En fait, après 70 ans sur le trône, rares sont les Thaïlandais qui ne se souviennent pas des funérailles du dernier roi, ni comment agir en conséquence. Peu après sa mort, le gouvernement thaïlandais a annoncé qu'il publierait 10 000 exemplaires d'un glossaire royal afin que les personnes présentes puissent suivre un rituel tenu dans la langue royale pali-sanskrit.
Aujourd'hui, le syncrétisme religieux déroutant de la Thaïlande est rarement aussi évident et vivant que dans les affaires royales. Dans les funérailles royales en particulier, les concepts de cosmologie hindous et bouddhistes occupent une place centrale. Le dais est orné de symboles et de sculptures qui font partie d’une cinquantaine de statues, allant des animaux aux dieux, abordant des thèmes tant hindous que bouddhistes. Parmi les 12 divinités debout complexes peintes à la main, un groupe d'une demi-douzaine d'artistes travaille uniquement sur un Phra Phrom, un thaï pour Brahma, le dieu de la création dans l'hindouisme.
Au milieu du terrain, neuf pavillons cérémoniels du trône, ou «Busabok», aident à délimiter un dessin concentrique qui s’étend jusqu’à l'étroit Busabok, haut de 50 mètres, situé au centre même, à l'intérieur duquel le corps du roi sera assis. cercueil pas moins; une décision prise à l’avance par le regretté roi qui rompt avec les urnes traditionnelles du passé.
Cette structure de bûcher funéraire principale est elle-même une représentation du mont Meru, le centre de l'univers hindou. Dans un incinérateur fermé au sein de la structure centrale de la flèche, le corps du défunt roi sera incinéré lors de la deuxième des cinq journées de cérémonies funéraires. Conformément aux pratiques hindoues, la crémation elle-même sera bénie par les plus hauts moines bouddhistes du pays.

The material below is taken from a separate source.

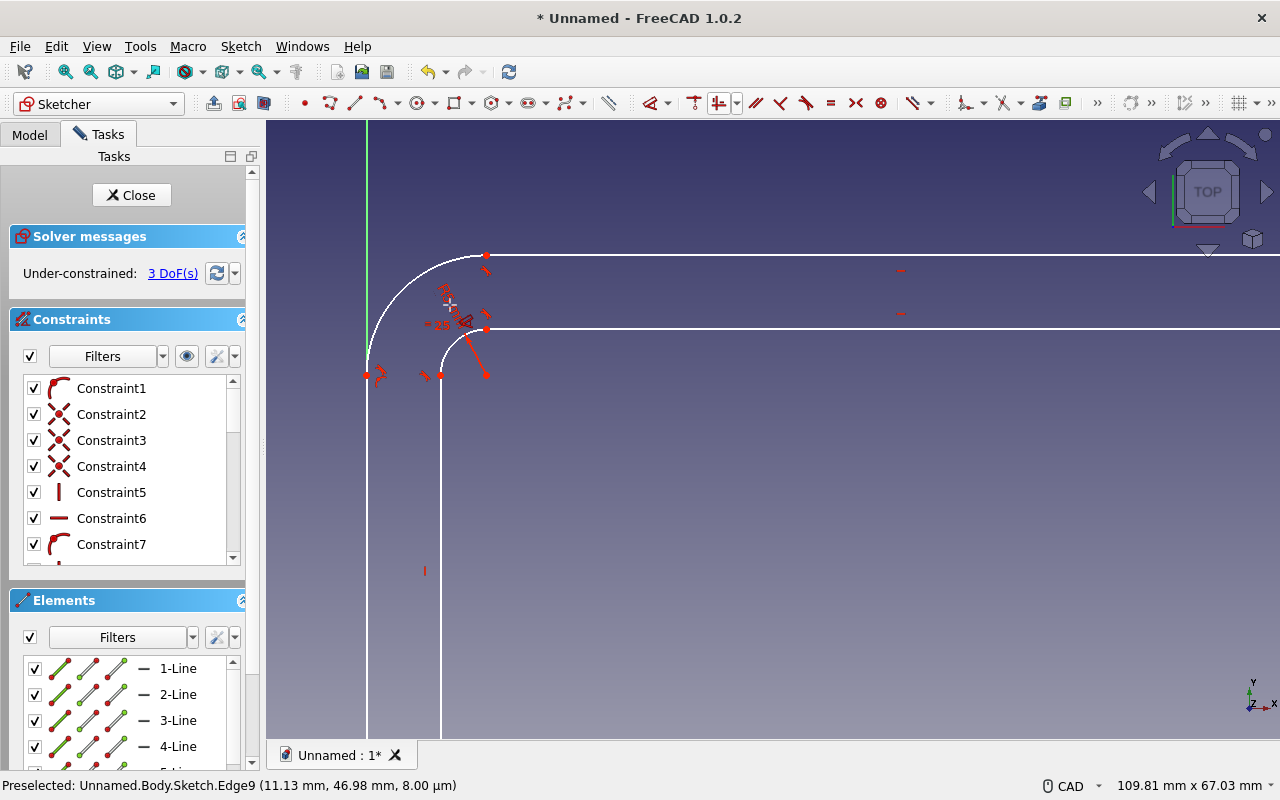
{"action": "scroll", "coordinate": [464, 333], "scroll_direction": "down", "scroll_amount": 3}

Ailleurs autour de Sanam Luang, des icônes rappelant certaines des réalisations du règne du défunt roi vont envahir le terrain. Des réservoirs modèles aux moulins à eau en passant par les rizières, le travail du roi Bhumibol avec les Thaïs les plus pauvres est honoré tout autant que l'homme lui-même, car c'est cet intérêt et cette empathie qui ont contribué à le faire tant adorer dans le pays.
C’est aussi pourquoi aucun coût n’a été épargné lors de la construction du bûcher lui-même. Avec un budget estimé à 1 milliard de bahts (30 millions de dollars), la splendeur du bûcher funéraire disparaîtra néanmoins après la cérémonie de crémation, démontée avec des semaines de finition. Les meilleures sections indépendantes se dirigeront vers les musées, tandis que d’autres seront décomposées et distribuées dans les temples du pays.